# Child Friendly Friday Brunches



## MissS_185 (Feb 23, 2012)

Does anyone know of any good places for Friday Brunch that are also child friendly? Trying to organise a brunch and some friends have children they'd like to bring!


----------



## rsinner (Feb 3, 2009)

MissS_185 said:


> Does anyone know of any good places for Friday Brunch that are also child friendly? Trying to organise a brunch and some friends have children they'd like to bring!


During Ramadan ?


----------



## MissS_185 (Feb 23, 2012)

No it's for a week after Ramadan!


----------



## IQ2012 (Feb 14, 2012)

MissS_185 said:


> No it's for a week after Ramadan!


Try Time Out Dubai, it usually has good suggestions/ideas for brunches/venues under different headings/criteria


----------



## suzimack (Nov 29, 2011)

Movenpick at JBR do a very child friendly brunch - burgers, chicken nuggets, pizza ... And a chocolate fountain!!!! Fun for all the family!!!!


----------



## furryboots (Jul 31, 2009)

Bubbalicious at The Westin has lots of activities for kids including a petting zoo.

Downside is the price.

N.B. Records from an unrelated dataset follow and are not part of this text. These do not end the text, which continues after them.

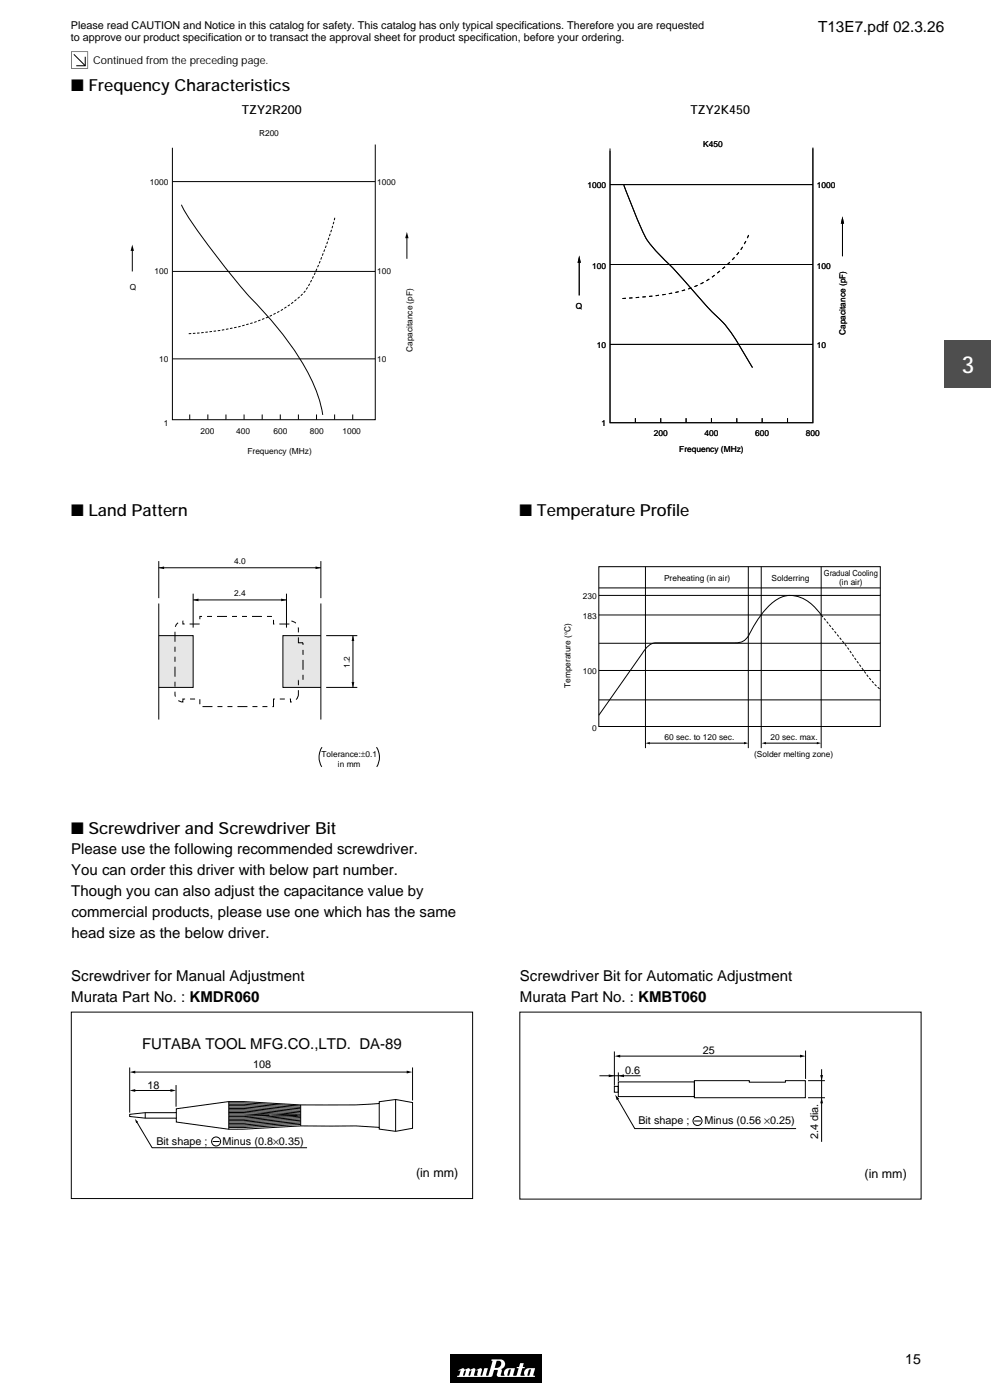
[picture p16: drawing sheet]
<svg xmlns="http://www.w3.org/2000/svg" width="210mm" height="297mm" viewBox="0 0 210 297" stroke-linecap="round" stroke-linejoin="round" font-family="sans-serif">
<defs><g id="words">
<text font-size="5" fill="#fff" x="203.7" y="79">3</text>
<g font-size="3.5">
<text x="15" y="19.2">■ Frequency Characteristics</text>
<text x="15" y="109.2">■ Land Pattern</text>
<text x="110.1" y="109.2">■ Temperature Profile</text>
<text x="15" y="176.8">■ Screwdriver and Screwdriver Bit</text>
</g>
<g font-size="3.2">
<text x="173.3" y="6.8">T13E7.pdf 02.3.26</text>
<text x="15.1" y="180.9">Please use the following recommended screwdriver.</text>
<text x="15.1" y="185.4">You can order this driver with below part number.</text>
<text x="15.1" y="189.9">Though you can also adjust the capacitance value by</text>
<text x="15.1" y="194.4">commercial products, please use one which has the same</text>
<text x="15.1" y="198.9">head size as the below driver.</text>
<text x="15.1" y="207.9">Screwdriver for Manual Adjustment</text>
<text x="110.1" y="207.9">Screwdriver Bit for Automatic Adjustment</text>
<text x="15.1" y="212.4">Murata Part No. : KMDR060</text>
<text x="110.1" y="212.4">Murata Part No. : KMBT060</text>
<text x="30.1" y="222.4">FUTABA TOOL MFG.CO.,LTD. DA-89</text>
</g>
<text font-size="3" x="191.7" y="289.1">15</text>
<g font-size="2.6">
<text x="51.2" y="24.1">TZY2R200</text>
<text x="146.2" y="24.1">TZY2K450</text>
<text x="88.1" y="249.5">(in mm)</text>
<text x="183.1" y="249.6">(in mm)</text>
</g>
<g font-size="2.3">
<text x="15" y="6.1">Please read CAUTION and Notice in this catalog for safety. This catalog has only typical specifications. Therefore you are requested</text>
<text x="15" y="8.8">to approve our product specification or to transact the approval sheet for product specification, before your ordering.</text>
<text x="19.7" y="13.6">Continued from the preceding page.</text>
<text x="53.6" y="226.4">108</text>
<text x="132.4" y="227.6">0.6</text>
<text x="148.9" y="223.4">25</text>
<text x="31.2" y="230.7">18</text>
<text x="135.2" y="238.2">Bit shape ;</text>
<text x="149.2" y="238.2">Minus (0.56 ×0.25)</text>
<text x="33.1" y="242.7">Bit shape ;</text>
<text x="47.1" y="242.7">Minus (0.8×0.35)</text>
<text x="173.3" y="241.4" transform="rotate(-90 173.3 241.4)">2.4 dia.</text>
</g>
<g font-size="1.8">
<text x="54.9" y="28.8">R200</text>
<text x="148.9" y="31.2">K450</text>
<text x="31.7" y="39.1">1000</text>
<text x="79.9" y="39.1">1000</text>
<text x="124.5" y="39.8">1000</text>
<text x="173" y="39.8">1000</text>
<text x="32.7" y="58">100</text>
<text x="79.9" y="58.1">100</text>
<text x="125.4" y="57">100</text>
<text x="173" y="57">100</text>
<text x="27.5" y="61.4">Q</text>
<text x="122" y="65.5">Q</text>
<text x="179.1" y="71" transform="rotate(-90 179.1 71)">Capacitance (pF)</text>
<text x="33.7" y="76.7">10</text>
<text x="79.9" y="76.7">10</text>
<text x="87.4" y="74.6" transform="rotate(-90 87.4 74.6)">Capacitance (pF)</text>
<text x="126.4" y="73.8">10</text>
<text x="173" y="73.8">10</text>
<text x="34.7" y="90.3">1</text>
<text x="42.5" y="91.9">200</text>
<text x="50" y="91.9">400</text>
<text x="58" y="91.9">600</text>
<text x="65.6" y="91.9">800</text>
<text x="72.5" y="91.9">1000</text>
<text x="127.4" y="90.4">1</text>
<text x="138.5" y="92.4">200</text>
<text x="143.9" y="95.8">Frequency (MHz)</text>
<text x="149.2" y="92.4">400</text>
<text x="160" y="92.4">600</text>
<text x="170.7" y="92.4">800</text>
<text x="52.4" y="96.2">Frequency (MHz)</text>
<text x="49.6" y="119.4">4.0</text>
<text x="140.7" y="123.2">Preheating (in air)</text>
<text x="163.4" y="123.2">Solderring</text>
<text x="174.5" y="122">Gradual Cooling</text>
<text x="177.7" y="124">(in air)</text>
<text x="49.6" y="126.4">2.4</text>
<text x="123.5" y="127">230</text>
<text x="123.5" y="131.1">183</text>
<text x="74.1" y="141.5" transform="rotate(-90 74.1 141.5)">1.2</text>
<text x="123.5" y="142.8">100</text>
<text x="120.8" y="145.8" transform="rotate(-90 120.8 145.8)">Temperature (°C)</text>
<text x="125.4" y="155">0</text>
<text x="68.1" y="160.5">Tolerance:±0.1</text>
<text x="140.7" y="156.8">60 sec. to 120 sec.</text>
<text x="159.7" y="160.4">(Solder melting zone)</text>
<text x="163.2" y="156.9">20 sec. max.</text>
<text x="71.6" y="162.6">in mm</text>
</g>
</g></defs>
<path d="M95.4 287h19.3v5.9h-19.3z" fill="#000"/>
<path d="M97.1 290.4l1-.5 .4 .3-.4 1.2 .1 .2 .3-.2 .2-.9-.2-.1v-.2l.9-.2 .2 .2h.1l-.2 .4-.3 .8 .2 .2 .2-.2 .3-.9-.2-.1v-.2l.8-.2 .2 .3-.3 1.1 .1 .2h.6l.2-1.1h-.3l-.1-.2 .9-.4 .3 .4-.3 1.1 .1 .2 .3-.2 .4-1.4 .7-.1-.4 1.5 .4 .2 .2-.2 .8-2.9-.2-.1v-.3h1.9a1.05 1.05 0 0 1 1 .9 1.05 1.05 0 0 1-.8 1.2l.1 .3-.2 1h.8a1.03 1.03 0 0 1 .8-1.6l1.4 .1-.2 .7-.8-.1v-.4l-.3 .1-.3 1.2h.3l.3-.9 .8 .1-.2 .7 .5 .2 .2-.2 .4-1.4-.4-.1 .1-.2h.4l.3-.8h.7l-.2 .7 .4 .2-.5 .2-.4 1.4 .2 .2 .7-.1a1.02 1.02 0 0 1 .9-1.6l1.3 .1-.1 .5h-.8v-.3l-.4 .1-.3 1.2h.4l.3-1h.8l-.3 .9 .4 .2v.2h-7.4a.48 .48 0 0 1-.7-.6l.3-.7-.5-.2v-.4h.2a.77 .77 0 0 0 1-.8 .77 .77 0 0 0-1-.7l-.4 1.4 .2 .1v.4l-.4 .1-.3 1.1-.2 .3h-7.2v-.2l.4-.2 .3-.9h-.4z" fill="#fff"/>
<path d="M200 72.2h10v10h-10z" fill="#4d4d4d"/>
<g fill="#000">
<path d="M28 51.8l.4 1.4h-.7zM86.2 49.2l.3 1.3h-.7zM122.7 54.1l.3 1.6h-.7zM178.4 45.8l.4 1.6h-.7z"/>
<path d="M15 10.9v3.6h3.7v-3.6zM15.2 11h3.3v3.4h-3.3z"/>
</g>
<g fill="none" stroke="#000" stroke-width=".21">
<path d="M15.6 11.5l2.5 2.4M18.1 12v1.9h-2M36.5 38.5h43M79.5 30.6v58.3h-43v-57.6M129.2 31.5v58.1h43v-58.1M129.2 39.1h43M132.1 39.2l.7 1.9a87.2 87.2 0 0 0 4.3 9.8l1.6 2a224.2 224.2 0 0 1 12.2 13.3l2.3 2.1a66.3 66.3 0 0 1 6.2 9.6M172.2 31.3v58.3h-43v-57.7M28 52.9v4.6M36.5 57.5h43M38.4 43.4a78.4 78.4 0 0 0 8.8 12.6 125.4 125.4 0 0 0 10 11.5 52.7 52.7 0 0 1 10.2 16.6l1 3.8M86.2 50.2v4.6"/>
<path d="M122.7 55.4v7.2M129.2 56.1h43M178.4 47.1v7.2M36.5 76.1h43M129.2 73h43M40.2 87.8v1.1M44 87.8v1.1M47.9 87.8v1.1M51.7 87.8v1.1M55.5 87.8v1.1M59.4 87.8v1.1M63.2 87.8v1.1"/>
<path d="M67 87.8v1.1M70.9 87.8v1.1M74.7 87.8v1.1M134.6 88.6v1M140 88.6v1M145.3 88.6v1M150.7 88.6v1M156.1 88.6v1M161.4 88.6v1M166.8 88.6v1"/>
</g>
<path d="M70.9 46.2a64.4 64.4 0 0 1-6.1 15.3 26 26 0 0 1-14.3 7.8l-5.9 1-4.6 .4" fill="none" stroke="#000" stroke-width=".21" stroke-dasharray=".5 .4" stroke-linecap="butt"/>
<path d="M131.9 63.3a55.5 55.5 0 0 0 14.3-2.2 23.9 23.9 0 0 0 11.8-10l.6-1.5" fill="none" stroke="#000" stroke-width=".21" stroke-dasharray=".7" stroke-linecap="butt"/>
<path d="M59.9 134.7h8.1v11h-8.1z" fill="#e6e6e6"/>
<path d="M68 134.7h-8.1v11h8.1" fill="none" stroke="#000" stroke-width=".21"/>
<path d="M33.6 134.7h7.3v11h-7.3z" fill="#e6e6e6"/>
<g fill="none" stroke="#000" stroke-width=".21">
<path d="M33.6 118.9v7.9M68 118.9v7.9M33.6 134.7h7.3v11h-7.3M33.6 127.9v24.6M33.6 120.3h34.4M40.9 125.8v7.2M40.9 127.1h19.8M60.7 125.8v7.2M68 127.9v24.6M69.1 134.7h6.6M74.8 134.7v11M68.2 158.3a3.9 3.9 0 0 0 0 4.2"/>
<path d="M69.1 145.7h6.6M79.7 158.3a3.9 3.9 0 0 1 .1 4.2"/>
</g>
<path d="M37.6 132.1l.7-.4 .4-.1v.6h3.6v-1.6h15.6v1.6h3.6v-.6a1.67 1.67 0 0 1 1.7 1.7v2.9h1v8h-1v2.9a1.67 1.67 0 0 1-1.7 1.7v-.7h-3.6v1.6h-15.6v-1.6h-3.6v.7a1.67 1.67 0 0 1-1.6-1.7v-13.8v-.5z" fill="none" stroke="#000" stroke-width=".21" stroke-dasharray="2.1 1.1 1.1 1.1 1.1 1.1" stroke-linecap="butt"/>
<path d="M33.6 120.3l1.2-.3v.6zM40.9 127.1l1.1-.2v.5zM59.6 126.9l1.1 .2-1.1 .3zM66.8 120l1.2 .3-1.2 .3zM74.8 134.7l.2 1.1h-.5zM74.5 144.5h.5l-.2 1.2z" fill="#000"/>
<path d="M126.8 120.1h59.7v33.9h-59.7z" fill="#fff"/>
<g fill="none" stroke="#000" stroke-width=".21">
<path d="M126.8 120.1h59.7v33.9h-59.7zM126.8 124.6h59.7M126.8 130.3h59.7M126.8 136.3h59.7M126.8 126.2h59.7M136.7 120.1v38.4M158.5 120.1v38.4M161.2 120.1v38.4M173.9 120.1v38.4M174 130.4a8.9 8.9 0 0 0-6.7-4.2 7.3 7.3 0 0 0-5.4 3.2l-1.5 2.1-1.5 2.6a3.1 3.1 0 0 1-3.3 2.1h-16.7a3.6 3.6 0 0 0-2.9 2.3l-9.2 13.1M126.8 142.1h59.7M126.8 148.3h59.7"/>
<path d="M137.5 157.5h20.4M161.9 157.5h11.3M15.1 214.5h85v39.5h-85zM110.1 214.5h85v39.6h-85zM27.5 236.1l3.3-.3h6.5v-.8l11.2-1.6h3.1l12.3 .8a169.3 169.3 0 0 0 16.4-.3v-.4l3.5-.5 3.6 .7v5.4l-3.6 .7-3.5-.5v-.4l-5-.3h-11.6l-12.1 .7h-3.1l-11.2-1.5v-.8h-6.5l-3.3-.4zM27.5 226.2v9.6M28.1 231.1h8.6M28.3 227.2h58.3M29 237.7l3.2 5.5h32.8M30.8 235.8v1.2M37.3 229.9v4.6M37.3 235.8v1.2"/>
<path d="M48.5 233.7h3.1l12.1 .7M48.5 234h3.1l12.1 .7M48.5 234.3h3.1l12.1 .7M48.5 234.6h3.1l12.1 .7M48.5 234.9h3.1l12.1 .7M48.5 235.2h3.1l12.1 .6M48.5 235.5h3.1l12.1 .6M48.5 235.8h3.1l11.4 .5-11.4 .6h-3.1M48.5 236l8.5 .3-5.4 .3h-3.1M48.5 233.4v5.9M48.5 236.3h15.2M63.7 238.3l-12.1 .7h-3.1"/>
<path d="M63.7 238l-12.1 .7h-3.1M63.7 237.7l-12.1 .7h-3.1M63.7 237.4l-12.1 .7h-3.1M63.7 237.1l-12.1 .7h-3.1M63.7 236.8l-12.1 .7h-3.1M63.7 236.5l-12.1 .7h-3.1M63.7 234.2v4.4M80.3 233.9v5M83.8 233v6.8M87.4 226.2v7M127 228h8.7M130.1 230.2h.9v1.3h-.9z"/>
<path d="M130.1 222.8v7.3M130.7 232.6l3.7 6.6h34.2M130.9 223.8h39M131 229.3h16.1v3.1h-16.1zM131 227.3v1.8M147 237.6h1.5M147.1 229h11.6v.3h7.7v-.3h4.2v3.6h-23.5zM170.6 222.6v6M171.2 229h3.5M171.2 232.6h3.5M174 226.6v15.4M45.1 241.9h1.4"/>
<circle cx="147.7" cy="237.6" r=".96"/>
<circle cx="45.8" cy="241.9" r=".96"/>
</g>
<g fill="#000">
<path d="M136.7 157.5l.9-.3v.5zM157.6 157.2l.9 .3-.9 .2zM161.3 157.5l.9-.3v.5zM173 157.2l.9 .3-.9 .2zM27.5 231.1l1.1-.3v.6zM27.5 227.2l1.1-.3v.6zM28.6 237.1l.7 .7-.5 .2zM36.1 230.8l1.2 .3-1.2 .3zM86.1 226.9l1.2 .3-1.2 .3zM128.9 227.7l1.2 .3-1.2 .3zM130.3 232l.8 .8-.5 .3zM130.2 223.8l1.2-.3v.6z"/>
<path d="M131 228l1.2-.3v.6zM169.4 223.5l1.2 .3-1.2 .3zM173.7 227.8h.6l-.3 1.2zM174 232.6l.3 1.2h-.6z"/>
</g>
<path d="M174 130.4a133.6 133.6 0 0 1 9.7 12.7 11.9 11.9 0 0 0 2.8 3" fill="none" stroke="#000" stroke-width=".21" stroke-dasharray=".5 .4" stroke-linecap="butt"/>
<use href="#words"/>
</svg>

Bubbly brunch is now AED595 and IMO they are now trying to compete with the likes of Yalumba with drink stations dotted around the place (I guess they would use this to justify the AED100 increase).


----------



## DeanT (Apr 15, 2012)

furryboots said:


> Bubbalicious at The Westin has lots of activities for kids including a petting zoo.
> 
> Downside is the price. Bubbly brunch is now AED595 and IMO they are now trying to compete with the likes of Yalumba with drink stations dotted around the place (I guess they would use this to justify the AED100 increase).


I took the mrs and 2 year old to bubblicious a few weeks ago. very expensive, but the service and selection of food is amazing. they have a little play area, a petting zoo and they had a chinese acrobatic act too.

However! My 2 year old son decided to sleep through most of it - so I definitely didn't get my money's worth!


----------